▶ [About this exercise] Return, from the material below, each line in which "degrees" occurs.

Segment Open

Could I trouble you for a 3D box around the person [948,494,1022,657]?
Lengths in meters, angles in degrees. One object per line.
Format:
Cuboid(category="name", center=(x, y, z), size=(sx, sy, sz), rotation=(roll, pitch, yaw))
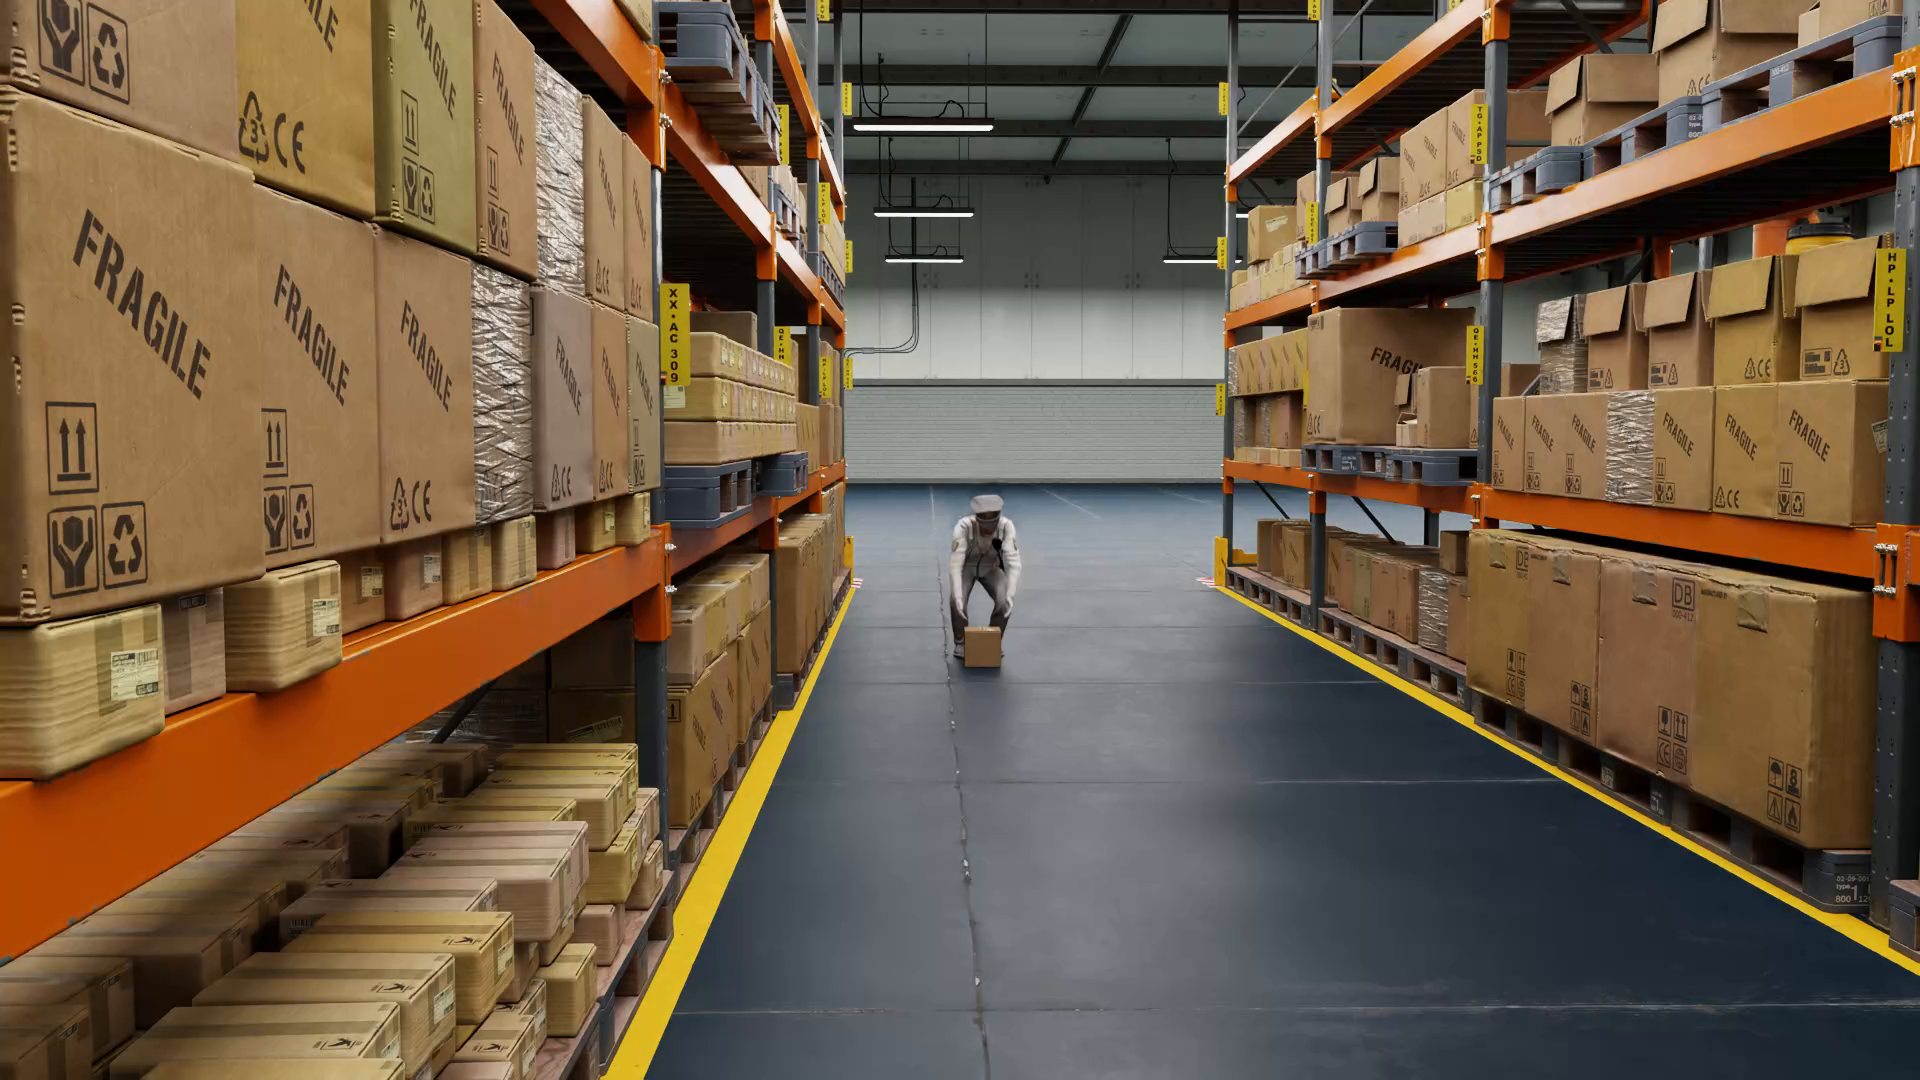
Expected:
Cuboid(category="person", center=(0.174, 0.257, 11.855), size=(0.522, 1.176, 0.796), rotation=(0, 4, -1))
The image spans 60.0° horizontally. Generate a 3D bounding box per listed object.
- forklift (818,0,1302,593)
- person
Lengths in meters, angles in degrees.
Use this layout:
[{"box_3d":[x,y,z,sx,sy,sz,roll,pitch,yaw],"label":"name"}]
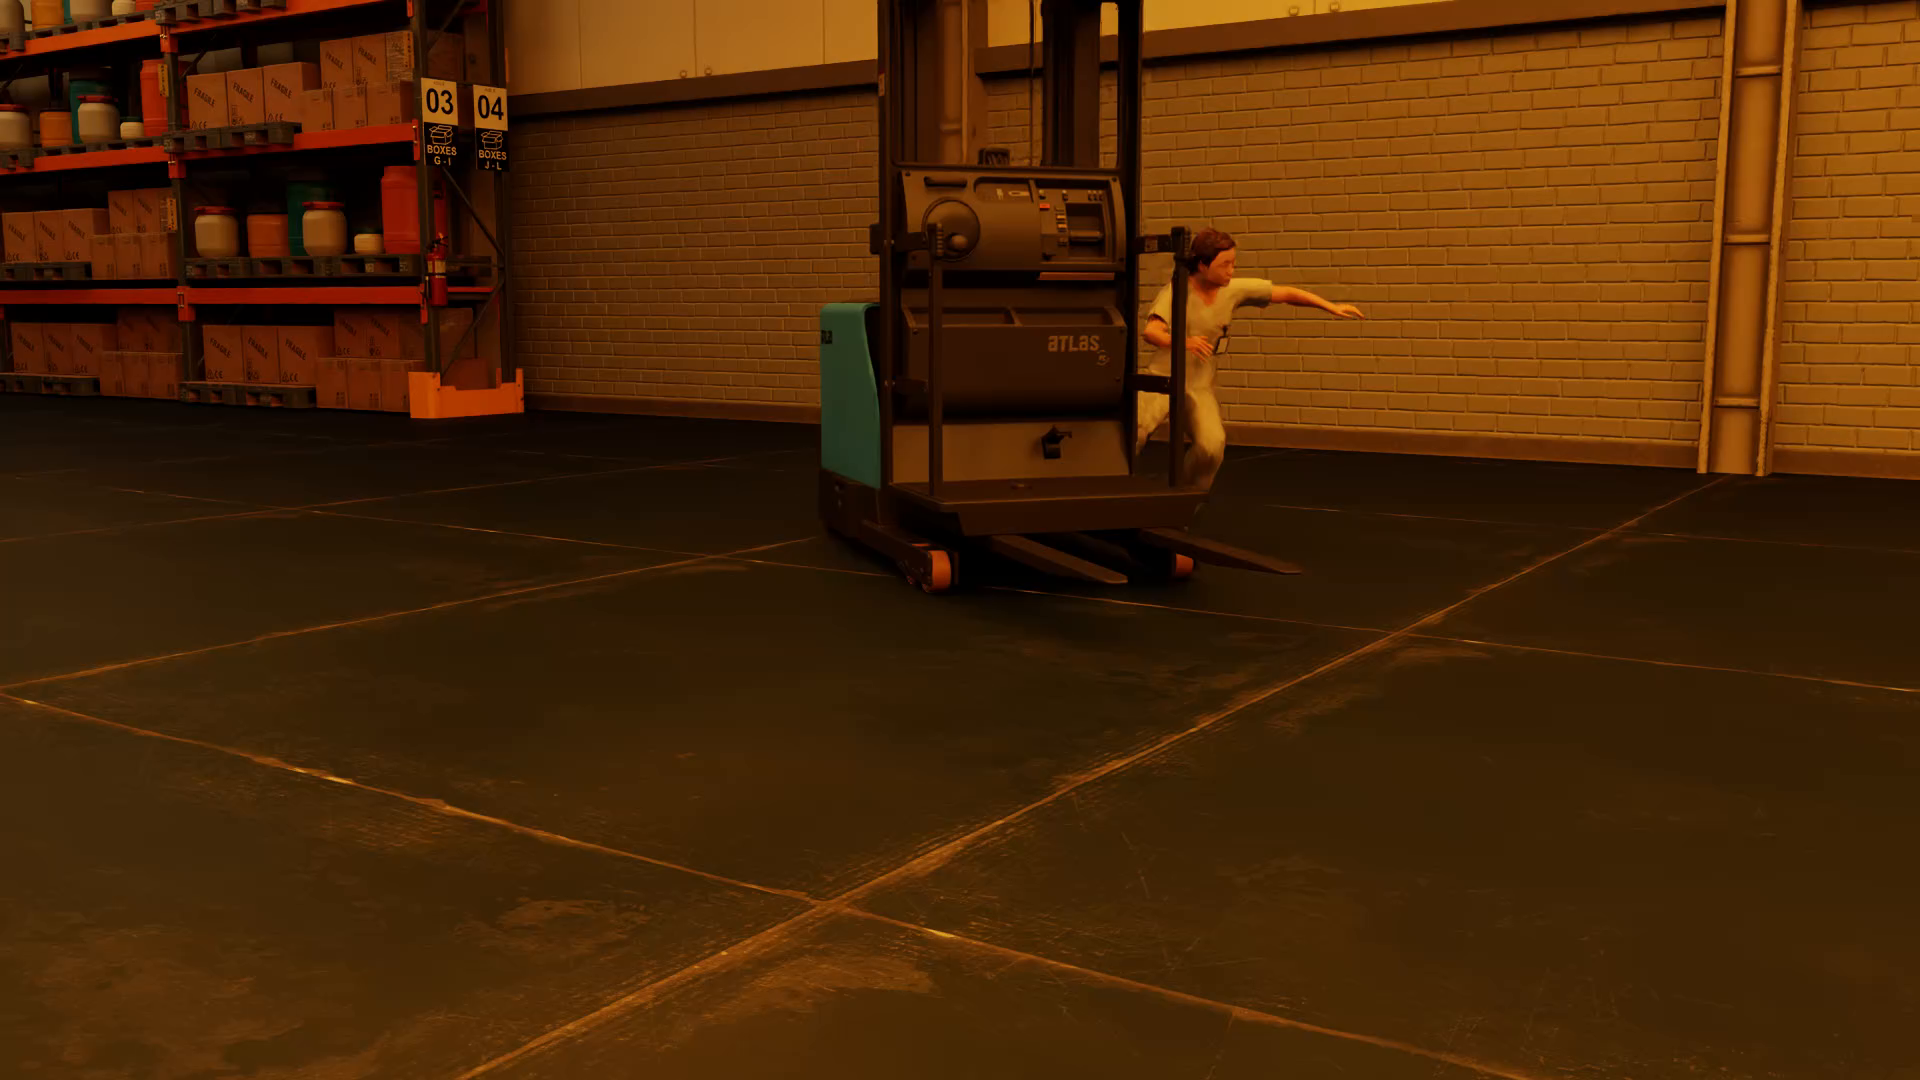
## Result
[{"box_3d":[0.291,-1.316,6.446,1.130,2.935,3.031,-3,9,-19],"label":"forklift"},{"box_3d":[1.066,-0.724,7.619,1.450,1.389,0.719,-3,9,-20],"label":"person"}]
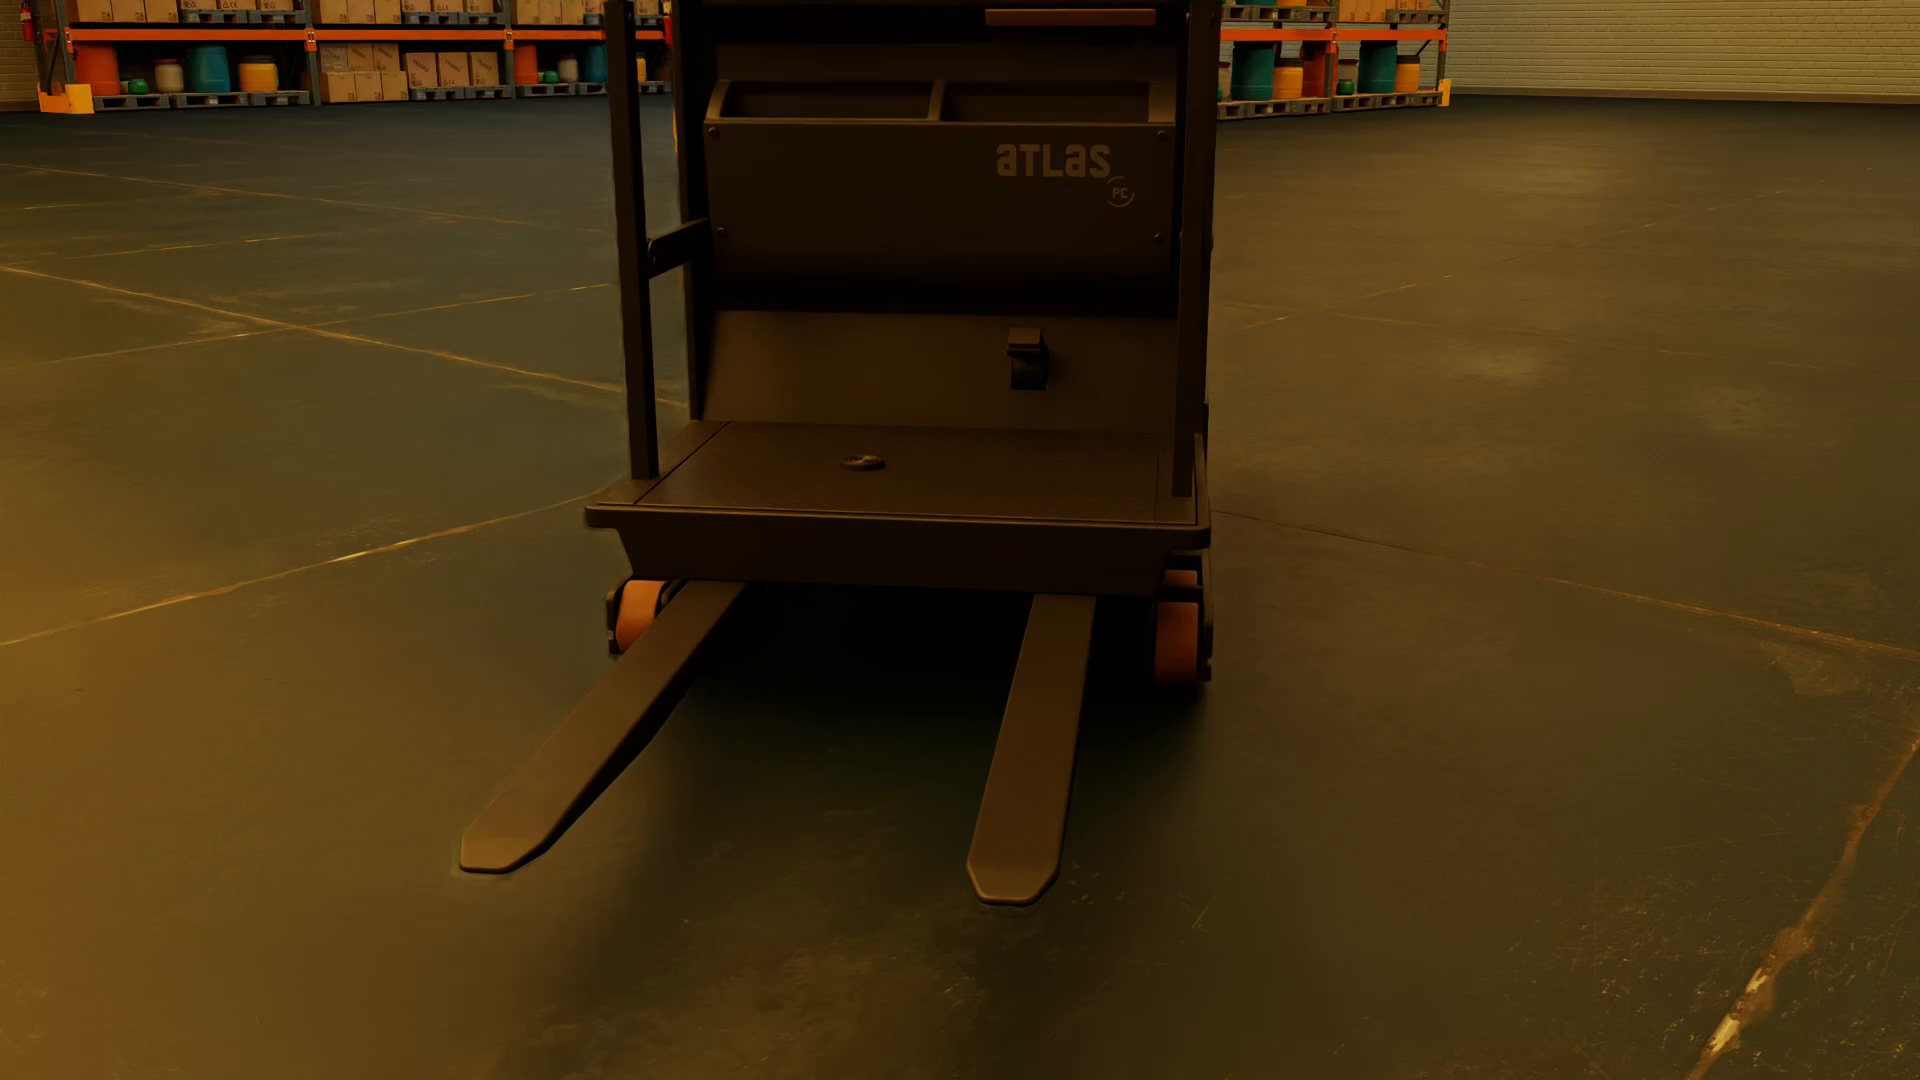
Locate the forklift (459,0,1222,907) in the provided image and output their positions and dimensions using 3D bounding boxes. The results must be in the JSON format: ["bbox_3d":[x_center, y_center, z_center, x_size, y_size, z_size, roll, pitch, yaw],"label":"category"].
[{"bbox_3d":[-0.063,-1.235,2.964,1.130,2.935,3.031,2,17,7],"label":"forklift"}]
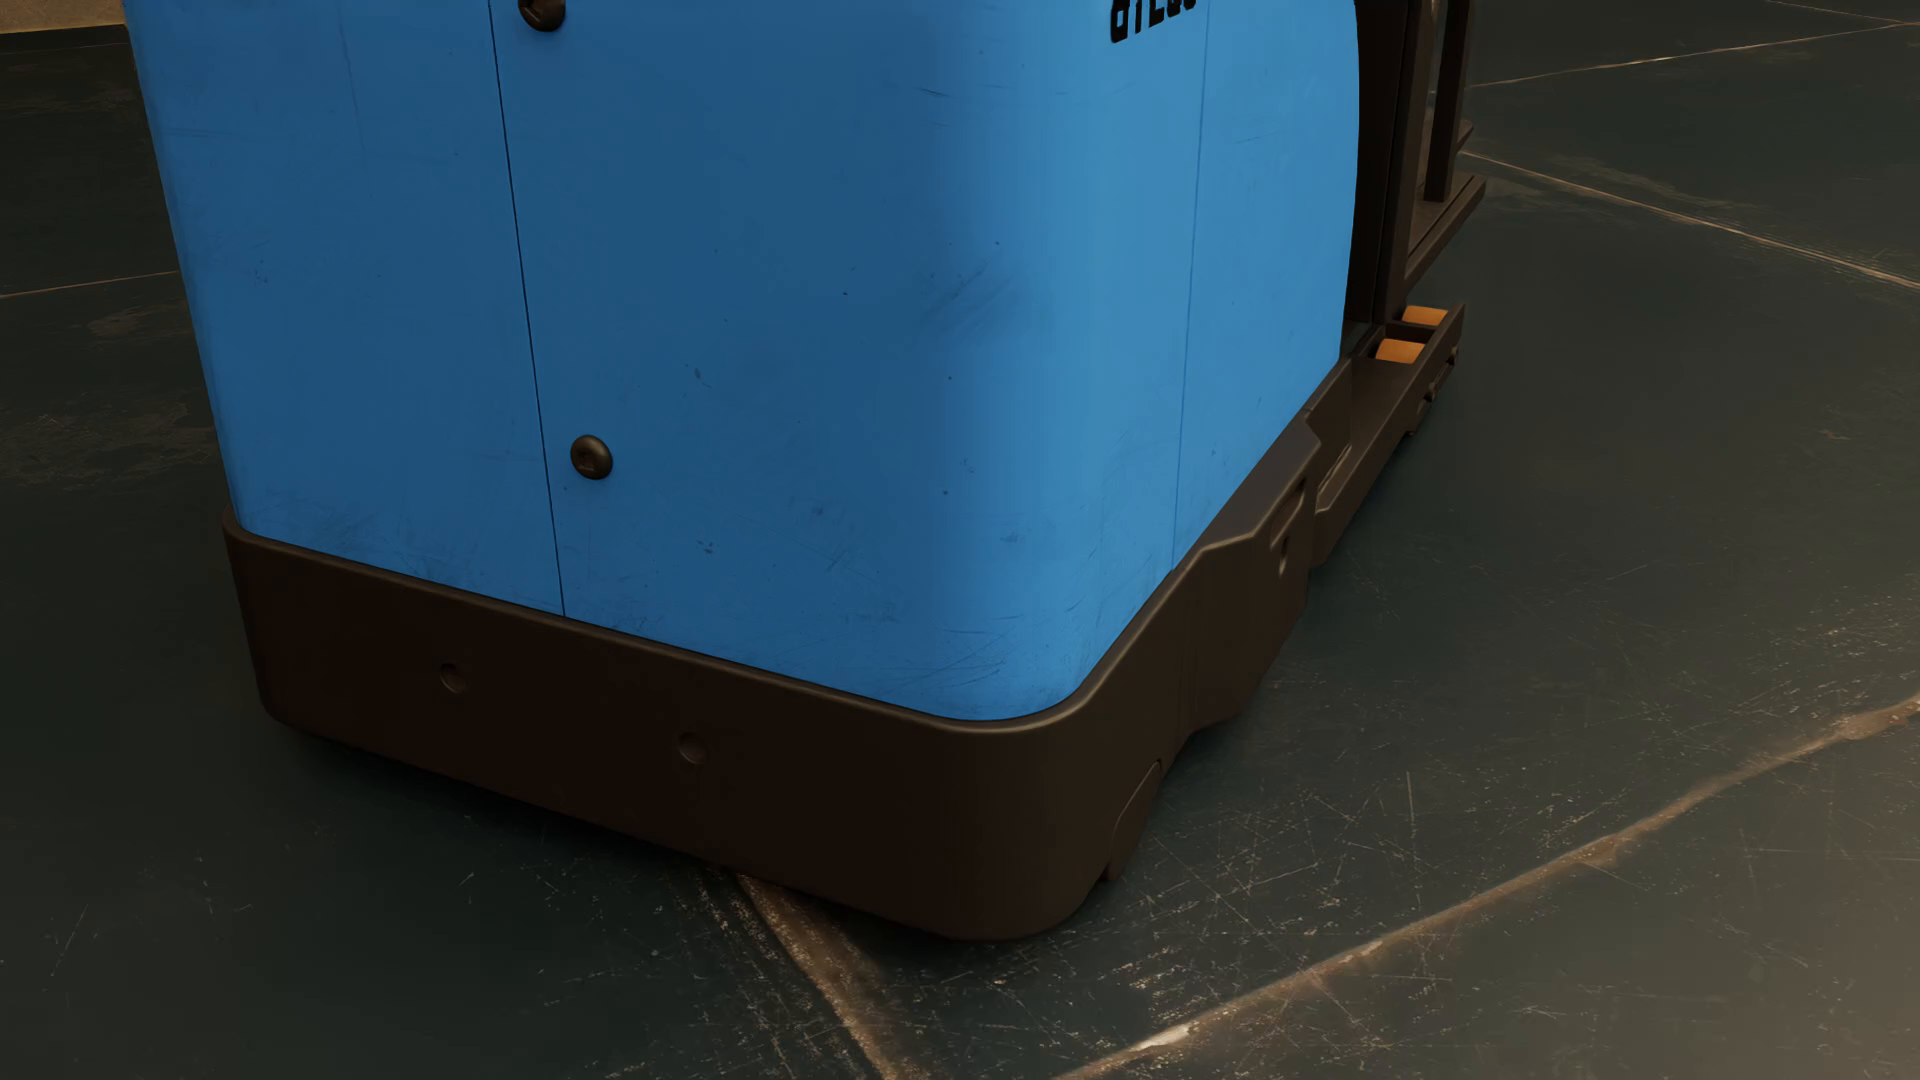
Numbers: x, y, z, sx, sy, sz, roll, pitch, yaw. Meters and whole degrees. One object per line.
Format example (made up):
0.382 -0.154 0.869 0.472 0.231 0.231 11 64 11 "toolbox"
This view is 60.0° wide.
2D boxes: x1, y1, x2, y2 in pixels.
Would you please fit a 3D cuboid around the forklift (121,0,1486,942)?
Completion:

Segment Closed

▶ [Exercise response]
Lengths in meters, angles in degrees. One object per line.
Lengths in meters, angles in degrees.
Numbers: x, y, z, sx, sy, sz, roll, pitch, yaw. Meters and whole degrees. One object per line.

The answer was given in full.